> TASK TO CARRY OUT
Reproduce every entry that follows word for word, but omit the images.

########

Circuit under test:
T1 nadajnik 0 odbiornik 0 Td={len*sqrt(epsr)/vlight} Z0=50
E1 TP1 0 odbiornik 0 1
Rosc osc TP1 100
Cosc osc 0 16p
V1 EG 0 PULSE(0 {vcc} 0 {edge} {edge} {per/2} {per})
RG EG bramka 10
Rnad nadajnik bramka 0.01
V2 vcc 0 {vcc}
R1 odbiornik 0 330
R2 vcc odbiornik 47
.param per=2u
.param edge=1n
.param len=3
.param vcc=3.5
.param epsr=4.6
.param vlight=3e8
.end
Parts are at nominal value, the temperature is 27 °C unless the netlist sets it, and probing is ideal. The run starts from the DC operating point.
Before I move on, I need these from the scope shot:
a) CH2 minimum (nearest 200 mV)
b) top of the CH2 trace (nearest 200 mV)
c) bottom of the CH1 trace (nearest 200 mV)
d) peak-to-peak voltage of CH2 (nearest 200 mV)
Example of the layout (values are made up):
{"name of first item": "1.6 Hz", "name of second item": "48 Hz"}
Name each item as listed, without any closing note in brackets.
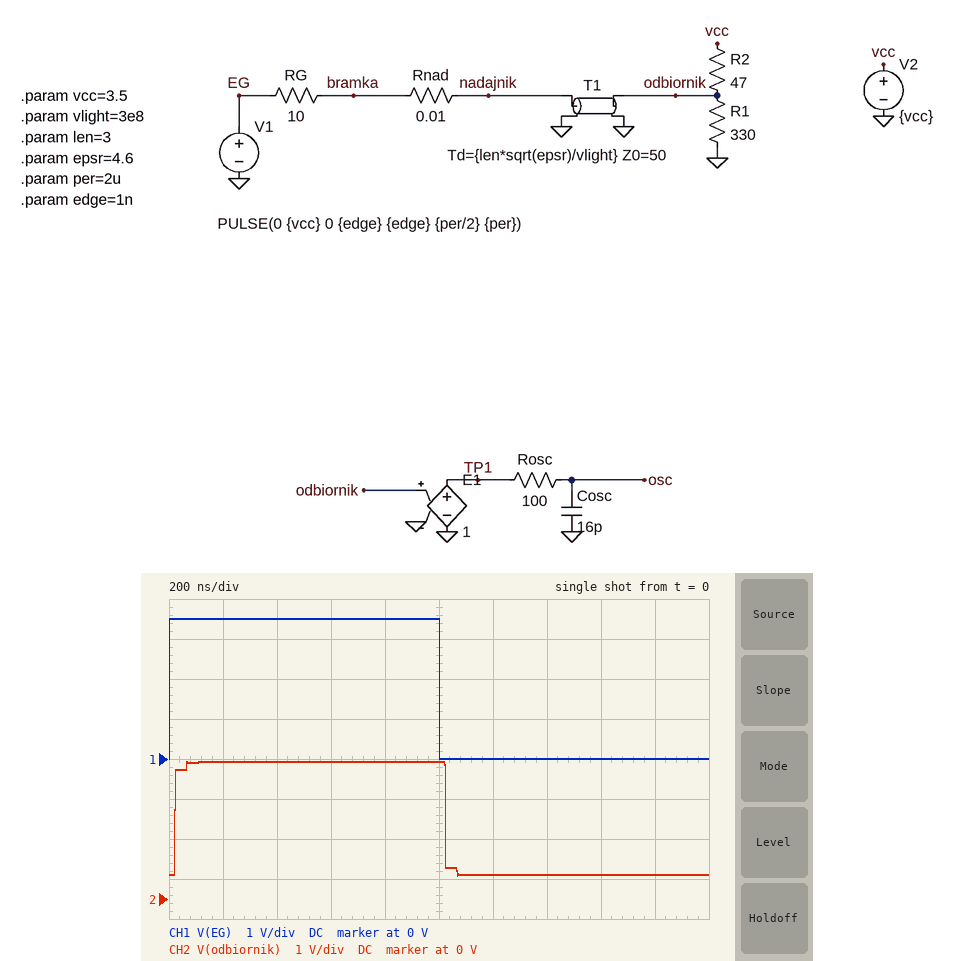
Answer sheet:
{"CH2 minimum": "600 mV", "top of the CH2 trace": "3.4 V", "bottom of the CH1 trace": "0 V", "peak-to-peak voltage of CH2": "2.8 V"}
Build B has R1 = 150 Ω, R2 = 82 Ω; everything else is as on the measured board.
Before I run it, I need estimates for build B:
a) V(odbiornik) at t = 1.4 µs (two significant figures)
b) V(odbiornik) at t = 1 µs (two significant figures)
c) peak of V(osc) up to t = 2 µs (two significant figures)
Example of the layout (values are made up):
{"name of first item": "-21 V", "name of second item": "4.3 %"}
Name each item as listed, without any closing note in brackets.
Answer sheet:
{"V(odbiornik) at t = 1.4 µs": "360 mV", "V(odbiornik) at t = 1 µs": "3.3 V", "peak of V(osc) up to t = 2 µs": "3.4 V"}
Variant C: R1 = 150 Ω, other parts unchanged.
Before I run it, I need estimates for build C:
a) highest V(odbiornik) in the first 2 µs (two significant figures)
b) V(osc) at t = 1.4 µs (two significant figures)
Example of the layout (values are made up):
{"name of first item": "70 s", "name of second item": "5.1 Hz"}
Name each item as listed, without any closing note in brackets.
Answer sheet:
{"highest V(odbiornik) in the first 2 µs": "3.3 V", "V(osc) at t = 1.4 µs": "580 mV"}
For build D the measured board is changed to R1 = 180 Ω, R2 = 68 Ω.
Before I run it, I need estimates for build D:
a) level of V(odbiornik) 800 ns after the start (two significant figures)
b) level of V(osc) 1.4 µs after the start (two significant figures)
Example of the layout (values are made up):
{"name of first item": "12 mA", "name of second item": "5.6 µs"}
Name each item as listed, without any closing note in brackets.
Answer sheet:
{"level of V(odbiornik) 800 ns after the start": "3.3 V", "level of V(osc) 1.4 µs after the start": "430 mV"}

########

> ANSWER BELOW
Circuit under test:
T1 nadajnik 0 odbiornik 0 Td={len*sqrt(epsr)/vlight} Z0=50
E1 TP1 0 odbiornik 0 1
Rosc osc TP1 100
Cosc osc 0 16p
V1 EG 0 PULSE(0 {vcc} 0 {edge} {edge} {per/2} {per})
RG EG bramka 10
Rnad nadajnik bramka 0.01
V2 vcc 0 {vcc}
R1 odbiornik 0 330
R2 vcc odbiornik 47
.param per=2u
.param edge=1n
.param len=3
.param vcc=3.5
.param epsr=4.6
.param vlight=3e8
.end
Parts are at nominal value, the temperature is 27 °C unless the netlist sets it, and probing is ideal. The run starts from the DC operating point.
Before I move on, I need these from the scope shot:
a) CH2 minimum (nearest 200 mV)
b) top of the CH2 trace (nearest 200 mV)
c) bottom of the CH1 trace (nearest 200 mV)
d) peak-to-peak voltage of CH2 (nearest 200 mV)
Example of the layout (values are made up):
{"name of first item": "1.6 Hz", "name of second item": "48 Hz"}
Name each item as listed, without any closing note in brackets.
Answer sheet:
{"CH2 minimum": "600 mV", "top of the CH2 trace": "3.4 V", "bottom of the CH1 trace": "0 V", "peak-to-peak voltage of CH2": "2.8 V"}
Build B has R1 = 150 Ω, R2 = 82 Ω; everything else is as on the measured board.
Before I run it, I need estimates for build B:
a) V(odbiornik) at t = 1.4 µs (two significant figures)
b) V(odbiornik) at t = 1 µs (two significant figures)
c) peak of V(osc) up to t = 2 µs (two significant figures)
Example of the layout (values are made up):
{"name of first item": "-21 V", "name of second item": "4.3 %"}
Name each item as listed, without any closing note in brackets.
Answer sheet:
{"V(odbiornik) at t = 1.4 µs": "360 mV", "V(odbiornik) at t = 1 µs": "3.3 V", "peak of V(osc) up to t = 2 µs": "3.4 V"}
Variant C: R1 = 150 Ω, other parts unchanged.
Before I run it, I need estimates for build C:
a) highest V(odbiornik) in the first 2 µs (two significant figures)
b) V(osc) at t = 1.4 µs (two significant figures)
Example of the layout (values are made up):
{"name of first item": "70 s", "name of second item": "5.1 Hz"}
Name each item as listed, without any closing note in brackets.
Answer sheet:
{"highest V(odbiornik) in the first 2 µs": "3.3 V", "V(osc) at t = 1.4 µs": "580 mV"}
For build D the measured board is changed to R1 = 180 Ω, R2 = 68 Ω.
Before I run it, I need estimates for build D:
a) level of V(odbiornik) 800 ns after the start (two significant figures)
b) level of V(osc) 1.4 µs after the start (two significant figures)
Example of the layout (values are made up):
{"name of first item": "12 mA", "name of second item": "5.6 µs"}
Name each item as listed, without any closing note in brackets.
Answer sheet:
{"level of V(odbiornik) 800 ns after the start": "3.3 V", "level of V(osc) 1.4 µs after the start": "430 mV"}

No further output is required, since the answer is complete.